→ Assigned task: Set down exactly the lines in the records below that run from the line with "Now how about every candy" to the line with "2) lipstick (239,329,249,343)", inclusive, and nothing more.
─── Data to examine
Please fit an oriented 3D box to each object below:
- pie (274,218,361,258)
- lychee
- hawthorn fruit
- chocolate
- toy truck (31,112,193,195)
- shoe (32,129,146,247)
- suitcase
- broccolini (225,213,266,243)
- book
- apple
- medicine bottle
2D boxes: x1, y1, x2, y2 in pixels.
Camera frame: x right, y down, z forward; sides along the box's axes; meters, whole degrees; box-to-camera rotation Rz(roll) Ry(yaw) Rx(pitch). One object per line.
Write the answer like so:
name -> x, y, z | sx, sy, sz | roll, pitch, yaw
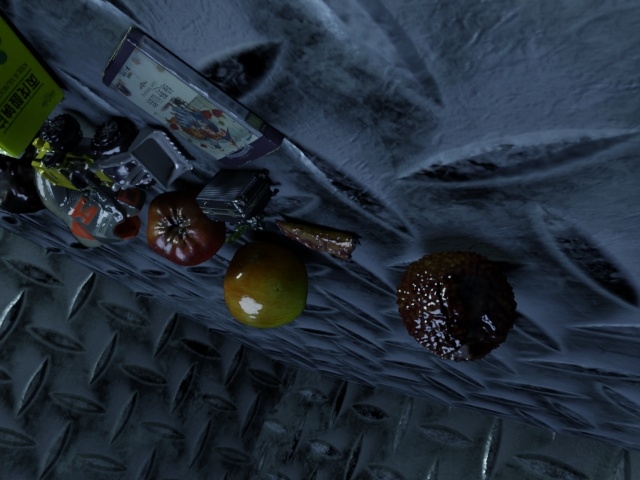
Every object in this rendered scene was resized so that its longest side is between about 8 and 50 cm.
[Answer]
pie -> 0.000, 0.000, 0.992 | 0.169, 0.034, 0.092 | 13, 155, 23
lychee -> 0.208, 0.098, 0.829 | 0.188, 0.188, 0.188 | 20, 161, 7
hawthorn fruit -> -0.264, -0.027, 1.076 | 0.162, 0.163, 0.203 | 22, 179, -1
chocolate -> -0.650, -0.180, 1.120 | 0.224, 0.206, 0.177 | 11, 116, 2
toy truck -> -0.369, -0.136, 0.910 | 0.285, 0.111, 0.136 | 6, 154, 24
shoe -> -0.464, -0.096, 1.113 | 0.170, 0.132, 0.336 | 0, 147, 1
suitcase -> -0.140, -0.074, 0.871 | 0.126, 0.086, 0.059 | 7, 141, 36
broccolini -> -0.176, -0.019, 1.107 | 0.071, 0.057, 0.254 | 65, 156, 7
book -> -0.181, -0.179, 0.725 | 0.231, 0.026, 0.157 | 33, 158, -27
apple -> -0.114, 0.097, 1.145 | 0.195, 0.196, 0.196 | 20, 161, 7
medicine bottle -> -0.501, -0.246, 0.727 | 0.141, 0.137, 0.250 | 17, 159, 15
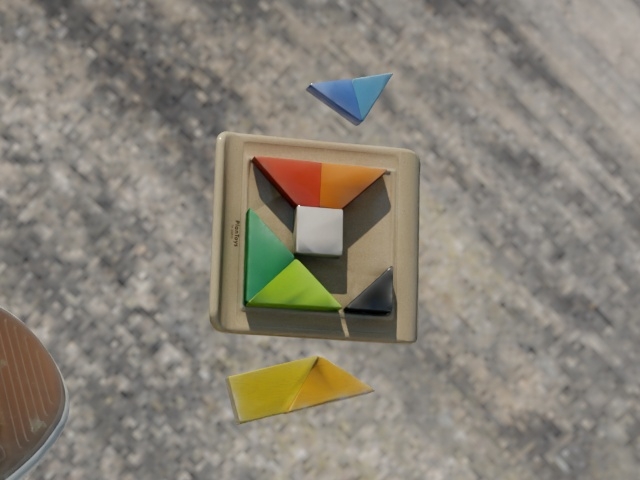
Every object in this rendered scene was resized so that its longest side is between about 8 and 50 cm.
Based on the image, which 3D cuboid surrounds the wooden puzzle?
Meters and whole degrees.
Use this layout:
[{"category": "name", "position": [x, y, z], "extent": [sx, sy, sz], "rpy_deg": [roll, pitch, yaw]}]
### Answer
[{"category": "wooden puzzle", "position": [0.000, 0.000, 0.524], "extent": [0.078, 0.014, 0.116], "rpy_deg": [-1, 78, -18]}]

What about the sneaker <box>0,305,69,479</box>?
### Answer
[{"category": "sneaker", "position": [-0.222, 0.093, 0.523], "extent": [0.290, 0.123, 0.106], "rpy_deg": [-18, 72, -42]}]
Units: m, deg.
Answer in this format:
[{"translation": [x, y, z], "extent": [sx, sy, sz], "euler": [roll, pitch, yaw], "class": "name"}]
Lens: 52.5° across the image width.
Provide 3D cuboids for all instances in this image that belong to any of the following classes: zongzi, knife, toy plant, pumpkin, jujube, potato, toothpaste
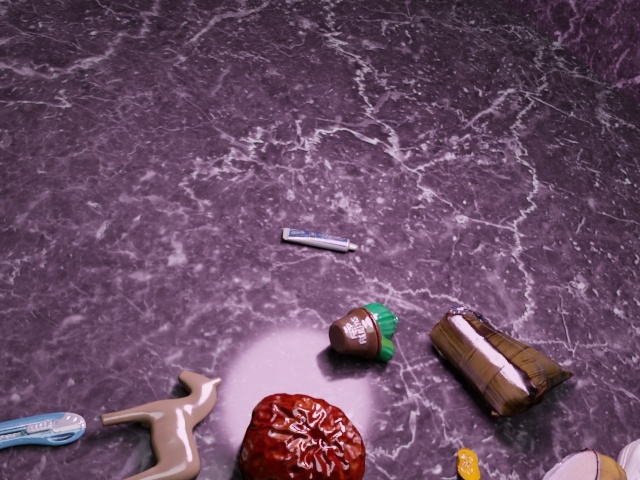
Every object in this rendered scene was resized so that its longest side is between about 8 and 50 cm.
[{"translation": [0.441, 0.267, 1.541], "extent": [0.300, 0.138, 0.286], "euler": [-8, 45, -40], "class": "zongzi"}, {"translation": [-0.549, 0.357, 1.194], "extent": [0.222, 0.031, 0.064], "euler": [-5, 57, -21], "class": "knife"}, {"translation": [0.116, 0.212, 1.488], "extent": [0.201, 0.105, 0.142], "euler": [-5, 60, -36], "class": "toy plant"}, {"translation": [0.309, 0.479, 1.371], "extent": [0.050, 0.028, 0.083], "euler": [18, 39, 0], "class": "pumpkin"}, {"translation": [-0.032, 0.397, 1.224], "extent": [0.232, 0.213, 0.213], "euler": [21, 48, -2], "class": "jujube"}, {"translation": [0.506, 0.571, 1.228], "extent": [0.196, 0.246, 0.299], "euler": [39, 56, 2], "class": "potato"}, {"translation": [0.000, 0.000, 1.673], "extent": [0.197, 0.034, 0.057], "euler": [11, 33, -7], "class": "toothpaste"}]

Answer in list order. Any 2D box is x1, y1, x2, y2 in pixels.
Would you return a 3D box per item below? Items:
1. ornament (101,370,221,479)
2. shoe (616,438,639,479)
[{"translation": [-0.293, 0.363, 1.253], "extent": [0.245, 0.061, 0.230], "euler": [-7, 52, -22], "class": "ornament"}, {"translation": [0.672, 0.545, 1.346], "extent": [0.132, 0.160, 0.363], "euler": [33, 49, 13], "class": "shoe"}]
──────
─── Data to examine
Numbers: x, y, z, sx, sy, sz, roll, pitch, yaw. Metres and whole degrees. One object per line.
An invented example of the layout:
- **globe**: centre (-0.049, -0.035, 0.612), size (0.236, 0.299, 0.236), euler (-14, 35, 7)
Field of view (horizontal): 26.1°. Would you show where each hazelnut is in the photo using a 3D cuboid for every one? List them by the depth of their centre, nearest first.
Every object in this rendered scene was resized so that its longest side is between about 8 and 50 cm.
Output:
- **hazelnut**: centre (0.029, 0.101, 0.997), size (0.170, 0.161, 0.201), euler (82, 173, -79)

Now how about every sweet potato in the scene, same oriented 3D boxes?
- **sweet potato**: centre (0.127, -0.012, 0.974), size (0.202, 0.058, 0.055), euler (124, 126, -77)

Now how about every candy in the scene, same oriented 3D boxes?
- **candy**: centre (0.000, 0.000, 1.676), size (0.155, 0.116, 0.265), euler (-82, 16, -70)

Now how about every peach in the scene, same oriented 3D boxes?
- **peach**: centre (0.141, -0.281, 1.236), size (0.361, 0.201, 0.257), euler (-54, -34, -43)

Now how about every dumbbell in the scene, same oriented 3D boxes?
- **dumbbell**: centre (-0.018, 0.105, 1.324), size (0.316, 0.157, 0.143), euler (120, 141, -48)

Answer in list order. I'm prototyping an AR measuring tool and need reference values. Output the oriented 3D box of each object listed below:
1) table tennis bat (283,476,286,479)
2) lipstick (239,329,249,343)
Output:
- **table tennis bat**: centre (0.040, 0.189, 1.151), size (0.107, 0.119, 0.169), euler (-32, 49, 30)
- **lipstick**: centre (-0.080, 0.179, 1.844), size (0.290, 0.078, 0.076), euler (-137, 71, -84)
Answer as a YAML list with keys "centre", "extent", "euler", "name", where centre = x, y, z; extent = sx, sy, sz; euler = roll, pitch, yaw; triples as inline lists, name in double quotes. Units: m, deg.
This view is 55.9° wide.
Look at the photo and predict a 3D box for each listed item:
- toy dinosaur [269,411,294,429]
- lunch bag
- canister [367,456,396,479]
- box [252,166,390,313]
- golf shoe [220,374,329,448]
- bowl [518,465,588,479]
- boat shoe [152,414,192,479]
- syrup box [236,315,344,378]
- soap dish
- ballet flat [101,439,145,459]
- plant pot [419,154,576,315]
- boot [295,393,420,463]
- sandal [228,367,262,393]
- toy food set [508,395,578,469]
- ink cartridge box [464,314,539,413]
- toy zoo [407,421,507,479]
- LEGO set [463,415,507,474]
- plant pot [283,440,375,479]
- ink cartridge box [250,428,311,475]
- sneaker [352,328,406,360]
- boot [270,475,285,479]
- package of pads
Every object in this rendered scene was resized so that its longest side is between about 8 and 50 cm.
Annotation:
──────
→ Worked solution:
Now how about every candy in the scene, same oriented 3D boxes?
- **candy**: centre (0.000, 0.000, 1.676), size (0.155, 0.116, 0.265), euler (-82, 16, -70)

Now how about every peach in the scene, same oriented 3D boxes?
- **peach**: centre (0.141, -0.281, 1.236), size (0.361, 0.201, 0.257), euler (-54, -34, -43)

Now how about every dumbbell in the scene, same oriented 3D boxes?
- **dumbbell**: centre (-0.018, 0.105, 1.324), size (0.316, 0.157, 0.143), euler (120, 141, -48)

Answer in list order. I'm prototyping an AR measuring tool and need reference values. Output the oriented 3D box of each object listed below:
1) table tennis bat (283,476,286,479)
2) lipstick (239,329,249,343)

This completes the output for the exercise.